Sebagai contoh jika siswa SD mempunyai nilai ebtanas murni (NEM) tinggi
ternyata mempunyai prestasi yang bagus setelah melanjutkan di SLTP maka dapat
dikatakan bahwa tes yang digunakan dalam ebtanas SD mempunyai criterion related validity yang tinggi . sutu tes teori computer
dikatakan mempunyai criterion related validity
jika dari hasil tes ternyata siswa yang mempunyai skor tinggi memang
mempunyai keterampilan yang tinggi dalam menggunakan computer daripada siswa
yang mendapat skor rendah.
Sedangkan
dalam evaluasi pendidikan, validitas suatu tes dapat dibedakan menjadi empat
macam, yaitu validitas isi, validitas konstruk, validitas konkuren, dan
validitas prediksi (Sukardi, 2010:31).
1)
Validitas Isi
Validitas
isi adalah derajat dimana sebuah tes evaluasi mengukur cakupan substansi yang
ingin diukur. Untuk mendapatkan validitas isi memerlukan dua aspek penting,
yaitu valid isi dan valid teknik sampling. Valid isi mencakup khususnya,
hal-hal yang berkaitan dengan apakah item-item evaluasi menggambarkan pengukuran
dalam cakupan yang ingin diukur. Sedangkan validitas teknik sampling pada
umumnya berkaitan dengan bagaimanakah baik suatu sampel item tes
merepresentasikan total cakupan isi.
Tes
validitas isi juga disebut face validity
(validitas wajah). Walaupun hal tersebut masih meragukan, karena validitas
wajah hanya menggambarkan derajat dimana sebuah interpretasi tes tampak
mengukur, tetapi tidak menggambarkan cara psikometrik yang mengukur apa
yangingin diusahakan dapat diukur. Proses ini sering digunakan sebagai awal
menyaring dalam tes pilihan.
2)
Validitas Konstruk
Validitas
konstruk merupakan derajat yang menunjukkan suatu tes mengukur sebuah konstruk
sementara. Secara definitif, konstruk merupakan suatu sifat yang tidak dapat
diobservasi, tetapi kita dapat merasakan pengaruhnya melalui salah satu atau
dua indera kita. Konstruk tidak lain merupakan “temuan” atau suatu pendekatan
untuk menerangkan tingkah laku. Proses melakukan validasi konstruk dapat
dilakukan dengan cara melinatkan hipotesis testing yang dideduksi dari teori
yang menyangkut dengan konstruk yang relavan.
3)
Validitas Konkuren
Validitas
konkuren adalah derajat dimana skor dalam suatu tes dihubungkan dengan skor
lain yang telah dibuat. Tes dengan validasi konkuren biasanya diadministrasi
dalam waktu yang sama atau dengan kriteria valid yang sudah ada. Cara-cara
membuat tes dengan validitas konkuren dapat dilakukan dengan beberapa langkah
sebagai berikut.
a)
Administrasi
tes yang baru yang dilakukan terhadap grup atau anggota kelompok.
b)
Catat
tes baku yang ada termasuk berapa koefisien validitasnya jika ada.
c)
Hubungkan
atau korelasikan dua skor tersebut.
4)
Validitas Prediksi
Validitas
prediksi adalah derajat yang menunjukkan suatu tes yang dpaat memprediksi
tentang bagaimana baik seseorang akan melakukan suatu prospek tugas atau
pekerjaan yang direncanakan.
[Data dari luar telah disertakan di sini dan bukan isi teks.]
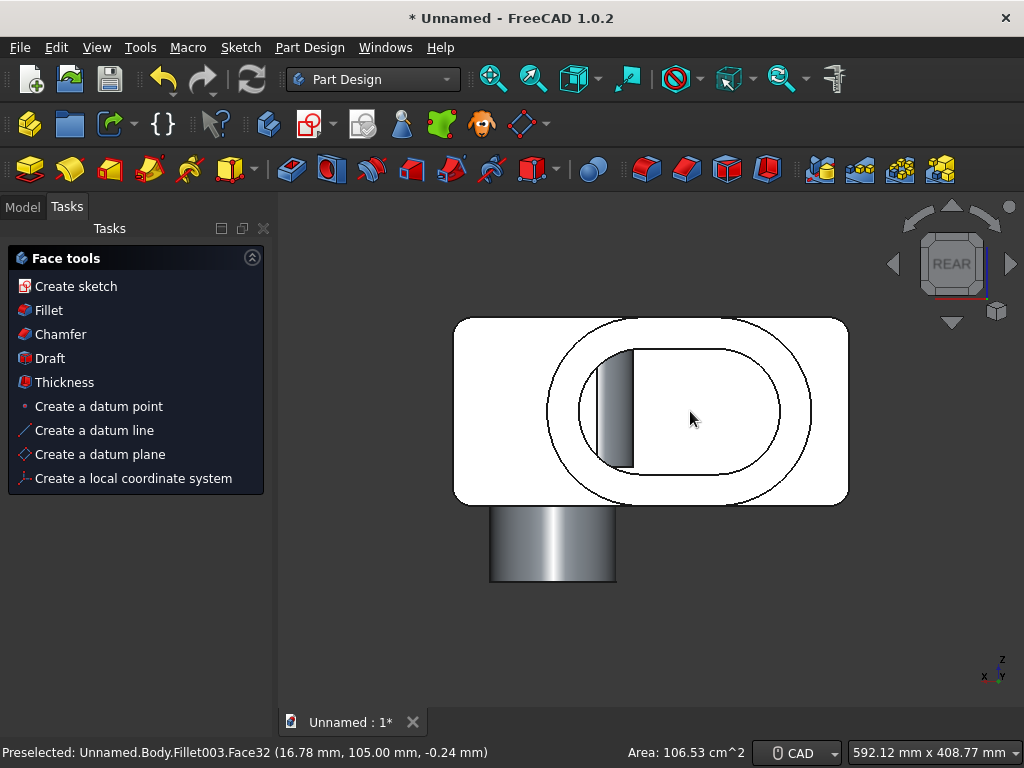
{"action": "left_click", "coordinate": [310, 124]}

Insrumen validitas prediksi mungkin bervariasi
bentuknya tergantung beberapa faktor misalnya kurikulum yang digunakan, buku
pegangan yang dipakai, itensitas mengajar dan letak geografis atau daerah sekolah.
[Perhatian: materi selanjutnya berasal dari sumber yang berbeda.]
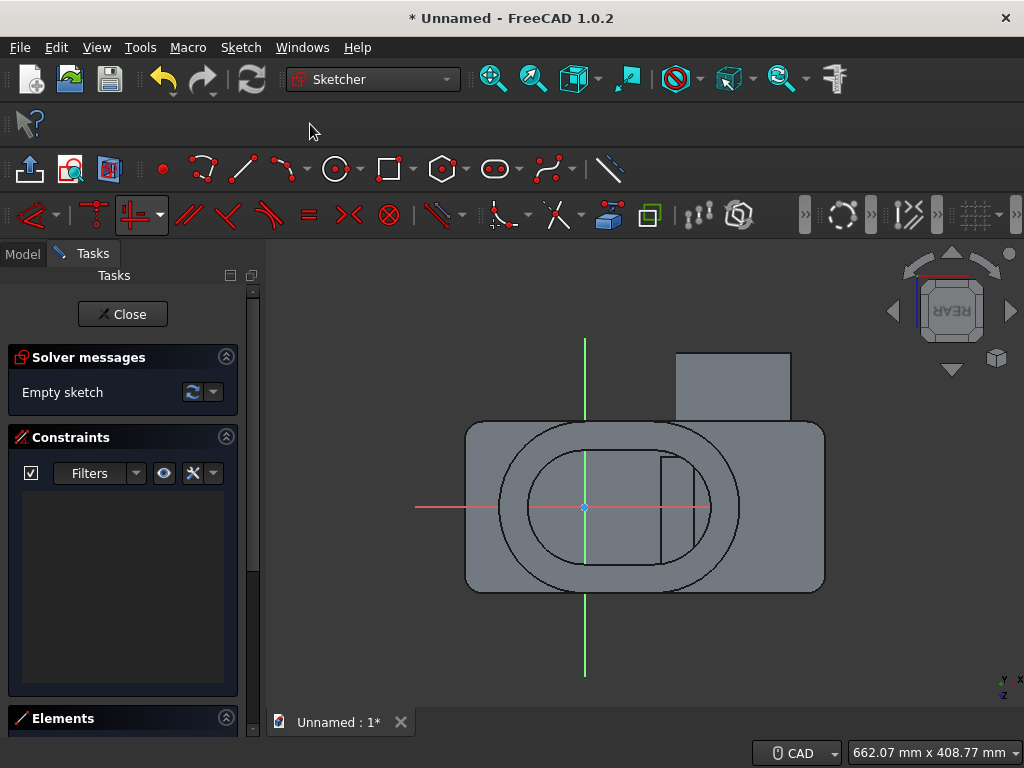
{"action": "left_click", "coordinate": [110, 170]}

Yang perlu diperhatikan ketika kita akan melakukan tes validitas predisi yaitu
perlunya memperhatikan proses dan cara membandingkan instrumen yang divalidasi
dengan tes telah dibakukan. Untuk tes validasi prediksi, prinsip instrumen umum
yang menyatakan bahwa tidak ada tes yang memiliki tes prediksi sempurna masih
tetap berlaku. Oleh karena itu, perlu disadari bahwa skor tes yang dihasilkan
juga memiliki sifat ketidaksempurnaan tersebut.
Ketika
kriteria telah diidentifikasi dan ditentukan, prosedur selanjutnya adalah
menentukan prediksi suau tes dengan cara seperti berikut:
a)
Buat
item tes sesuai dengan tujuan yang hendak dicapai.
b)
Tentukan
kelompok yang dijadikan subjek dalam pilot
study.
c)
Identifikasi
kriterion prediksi yang hendak dicapai.
d) Tunggu sampai tingkah laku yang
dipredisi atau variabel kriterion muncul dan terpenuhi dalam kelompok yang
telah ditentukan.
e)
Capai
ukuran-ukuran kriterion tersebut.
f)
Korelasikan
dua set skor yang dihasilkan.
b. Faktor-Faktor
yang Mempengaruhi Validitas
Banyak
faktor yang dapat memengaruhi hasil tes evaluasi tidak valid. Beberapa faktor
tersebut secara garis besar dapat dibedakan menurut sumbernya, yaitu faktor
internal dari tes, faktor eksternal dari tes, dan faktor yang berasal dari
siswa yang bersangkutan.
1) Faktor yang berasal dari dalam tes
Beberapa sumber yang pada umumnya
berasal dari faktor internal tes evaluasi diantaranya yaitu:
a)
Arahan
tes yang disusun dengan makna tidak jelas sehingga dapat mengurangi validitas
tes.
b)
Kata-kata
yang digunakan dalam struktur instrumen evaluasi, terlalu sulit.
c)
Item-item
te dikonstruksi dengan jelek.
d) Tidak kesulitan item tes tidak tepat
dengan materi pembelajaran yang diterima siswa.
e)
Waktu
yang dialokasikan tidak tepat, hal ini termasuk kemungkinan terlalu kurang atau
terlalu longgar.
f)
Jumlah
item tes yang terlalu sedikit sehingga tidak mewakili sampel materi
pembelajaran.
g)
Jawaban
masing-masing item evaluasi tes bvida diprediksi siswa.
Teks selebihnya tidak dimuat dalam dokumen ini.